Sailer Fabian, Pobiruchin Monika, Bochum Sylvia, Martens Uwe M, Schramm Wendelin
GECKO Institute, Heilbronn University, Germany.
Cancer Center Heilbronn-Franken, SLK Kliniken Heilbronn GmbH, Germany.
Stud Health Technol Inform. 2015;213:75-8.
Survival time prediction at the time of diagnosis is of great importance to make decisions about treatment and long-term follow-up care. However, predicting the outcome of cancer on the basis of clinical information is a challenging task. We now examined the ability of ten different data mining algorithms (Perceptron, Rule Induction, Support Vector Machine, Linear Regression, Naïve Bayes, Decision Tree, k-nearest Neighbor, Logistic Regression, Neural Network, Random Forest) to predict the dichotomous attribute "5-year-survival" based on seven attributes (sex, UICC-stage, etc.) which are available at the time of diagnosis. For this study we made use of the nationwide German research data set on colon cancer provided by the Robert Koch Institute. To assess the results a comparison between data mining algorithms and physicians' opinions was performed. Therefore, physicians guessed the survival time by leveraging the same seven attributes. The average accuracy of the physicians' opinion was 59%, the average accuracy of the machine learning algorithms was 67.7%.

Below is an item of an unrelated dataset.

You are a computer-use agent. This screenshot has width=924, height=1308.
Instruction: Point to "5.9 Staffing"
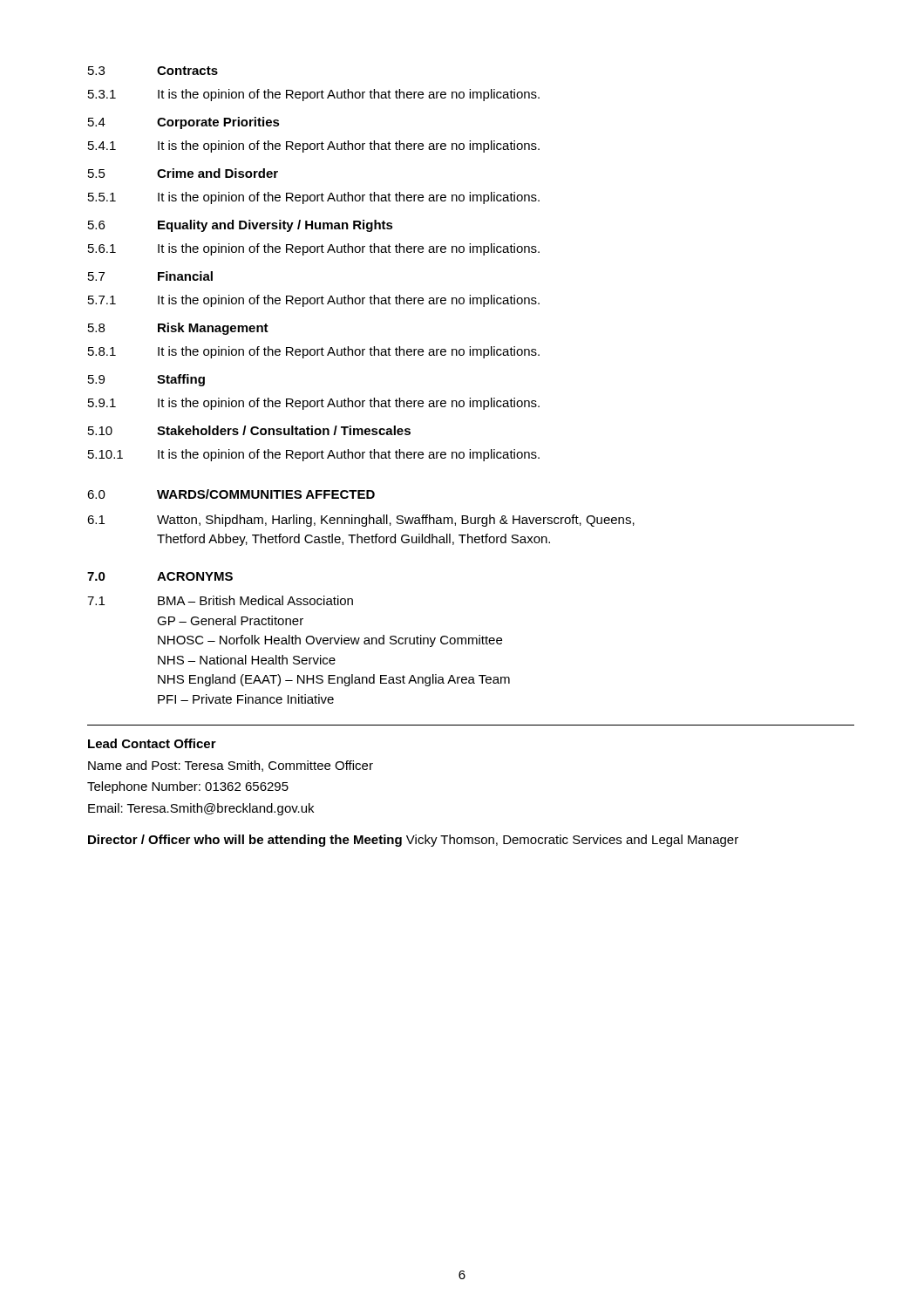pyautogui.click(x=91, y=379)

诊断时的生存时间预测对于制定治疗决策和长期随访护理至关重要。然而,基于临床信息预测癌症预后是一项具有挑战性的任务。我们现在研究了十种不同的数据挖掘算法(感知机、规则归纳、支持向量机、线性回归、朴素贝叶斯、决策树、k近邻、逻辑回归、神经网络、随机森林)根据诊断时可用的七个属性(性别、国际癌症控制联盟分期等)预测二分属性“5年生存率”的能力。在本研究中,我们使用了由罗伯特·科赫研究所提供的德国全国结肠癌研究数据集。为了评估结果,我们对数据挖掘算法和医生的意见进行了比较。因此,医生利用相同的七个属性猜测生存时间。医生意见的平均准确率为59%,机器学习算法的平均准确率为67.7%。